> Problem description: Within the data that follows, set down exactly the lines from the one containing "cudaDeviceSynchronize();" through the one containing "ASSERT_EQ(buffer1[i].x, buffer2[i].x);</code>", both ends included.

> Dataset entries:
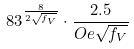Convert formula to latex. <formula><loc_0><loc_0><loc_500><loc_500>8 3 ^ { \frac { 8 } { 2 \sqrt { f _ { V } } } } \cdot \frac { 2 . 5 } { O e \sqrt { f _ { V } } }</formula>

==

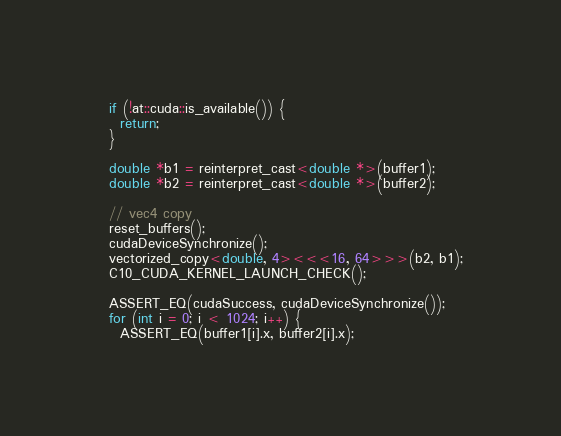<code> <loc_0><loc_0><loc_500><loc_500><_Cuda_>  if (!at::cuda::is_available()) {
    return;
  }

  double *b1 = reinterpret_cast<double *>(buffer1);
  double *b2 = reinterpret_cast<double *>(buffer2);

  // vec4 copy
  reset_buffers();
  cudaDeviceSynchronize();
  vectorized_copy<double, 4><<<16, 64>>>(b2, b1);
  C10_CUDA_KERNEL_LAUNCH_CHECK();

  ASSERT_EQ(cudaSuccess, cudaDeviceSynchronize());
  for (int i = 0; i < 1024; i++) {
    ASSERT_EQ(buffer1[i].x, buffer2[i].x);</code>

> Result:
  cudaDeviceSynchronize();
  vectorized_copy<double, 4><<<16, 64>>>(b2, b1);
  C10_CUDA_KERNEL_LAUNCH_CHECK();

  ASSERT_EQ(cudaSuccess, cudaDeviceSynchronize());
  for (int i = 0; i < 1024; i++) {
    ASSERT_EQ(buffer1[i].x, buffer2[i].x);</code>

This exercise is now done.